◆ Directions ◆
From the line with "- lamp <box>277,118,442,306</box>" through the line with "- pomegranate <box>0,393,209,479</box>", inclusive, return each line of the data below exactly and leave the rest out.

☆ ☆ ☆ ☆

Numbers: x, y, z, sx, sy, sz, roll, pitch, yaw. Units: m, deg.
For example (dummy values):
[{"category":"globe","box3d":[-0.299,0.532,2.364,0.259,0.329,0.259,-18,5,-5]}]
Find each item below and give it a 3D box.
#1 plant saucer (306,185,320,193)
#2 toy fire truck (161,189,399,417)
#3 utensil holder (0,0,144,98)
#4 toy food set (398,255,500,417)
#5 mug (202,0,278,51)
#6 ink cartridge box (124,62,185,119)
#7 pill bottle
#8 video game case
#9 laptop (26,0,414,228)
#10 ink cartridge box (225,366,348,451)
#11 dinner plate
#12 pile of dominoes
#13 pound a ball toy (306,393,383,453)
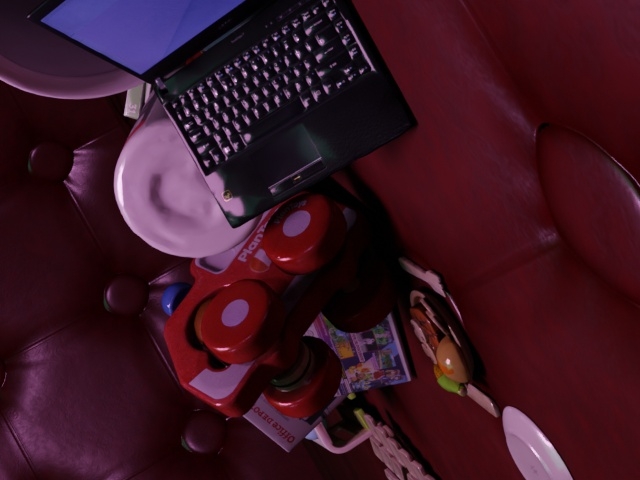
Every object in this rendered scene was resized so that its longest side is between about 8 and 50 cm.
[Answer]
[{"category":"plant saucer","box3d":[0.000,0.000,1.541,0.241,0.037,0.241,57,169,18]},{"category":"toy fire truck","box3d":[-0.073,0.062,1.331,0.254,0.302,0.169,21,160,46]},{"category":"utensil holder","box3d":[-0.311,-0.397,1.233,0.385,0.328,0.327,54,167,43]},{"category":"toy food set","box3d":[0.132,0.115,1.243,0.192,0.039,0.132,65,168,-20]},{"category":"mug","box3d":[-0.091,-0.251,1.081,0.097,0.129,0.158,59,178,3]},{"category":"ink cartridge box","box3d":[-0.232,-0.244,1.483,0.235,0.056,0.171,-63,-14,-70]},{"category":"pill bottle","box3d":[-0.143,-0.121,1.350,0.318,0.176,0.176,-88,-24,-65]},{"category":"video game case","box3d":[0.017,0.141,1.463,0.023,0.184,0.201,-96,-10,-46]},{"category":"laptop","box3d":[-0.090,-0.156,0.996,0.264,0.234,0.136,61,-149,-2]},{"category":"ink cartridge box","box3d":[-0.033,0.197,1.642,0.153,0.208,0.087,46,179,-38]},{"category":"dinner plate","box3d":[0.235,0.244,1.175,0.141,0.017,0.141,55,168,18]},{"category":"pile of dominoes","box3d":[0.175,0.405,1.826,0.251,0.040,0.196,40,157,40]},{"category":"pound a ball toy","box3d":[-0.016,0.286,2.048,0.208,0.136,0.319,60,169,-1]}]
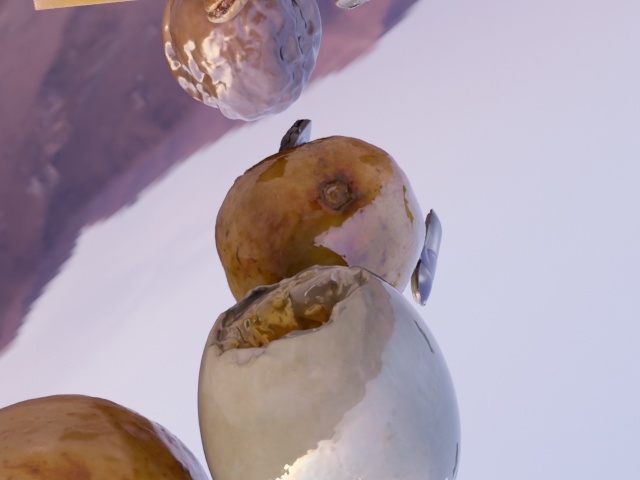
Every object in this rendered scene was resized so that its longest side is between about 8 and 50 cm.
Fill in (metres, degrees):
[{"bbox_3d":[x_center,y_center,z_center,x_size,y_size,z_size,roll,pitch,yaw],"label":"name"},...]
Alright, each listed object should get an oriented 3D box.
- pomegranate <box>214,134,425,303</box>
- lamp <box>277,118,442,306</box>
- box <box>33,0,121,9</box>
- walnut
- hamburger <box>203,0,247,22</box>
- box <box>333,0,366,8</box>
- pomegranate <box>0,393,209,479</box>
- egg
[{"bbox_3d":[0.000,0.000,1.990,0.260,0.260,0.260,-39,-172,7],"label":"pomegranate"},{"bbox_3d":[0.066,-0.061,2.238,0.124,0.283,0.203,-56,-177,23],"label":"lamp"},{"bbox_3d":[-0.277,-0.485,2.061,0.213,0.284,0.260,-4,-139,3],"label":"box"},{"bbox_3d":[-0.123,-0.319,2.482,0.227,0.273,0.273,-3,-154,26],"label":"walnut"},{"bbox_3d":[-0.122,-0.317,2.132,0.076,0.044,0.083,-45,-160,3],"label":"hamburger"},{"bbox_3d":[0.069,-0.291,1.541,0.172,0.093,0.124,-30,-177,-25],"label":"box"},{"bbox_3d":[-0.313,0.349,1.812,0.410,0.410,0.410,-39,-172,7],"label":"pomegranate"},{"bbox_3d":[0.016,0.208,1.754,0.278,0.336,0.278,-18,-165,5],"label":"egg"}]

☆ ☆ ☆ ☆

◆ Response area ◆
- lamp <box>277,118,442,306</box>
- box <box>33,0,121,9</box>
- walnut
- hamburger <box>203,0,247,22</box>
- box <box>333,0,366,8</box>
- pomegranate <box>0,393,209,479</box>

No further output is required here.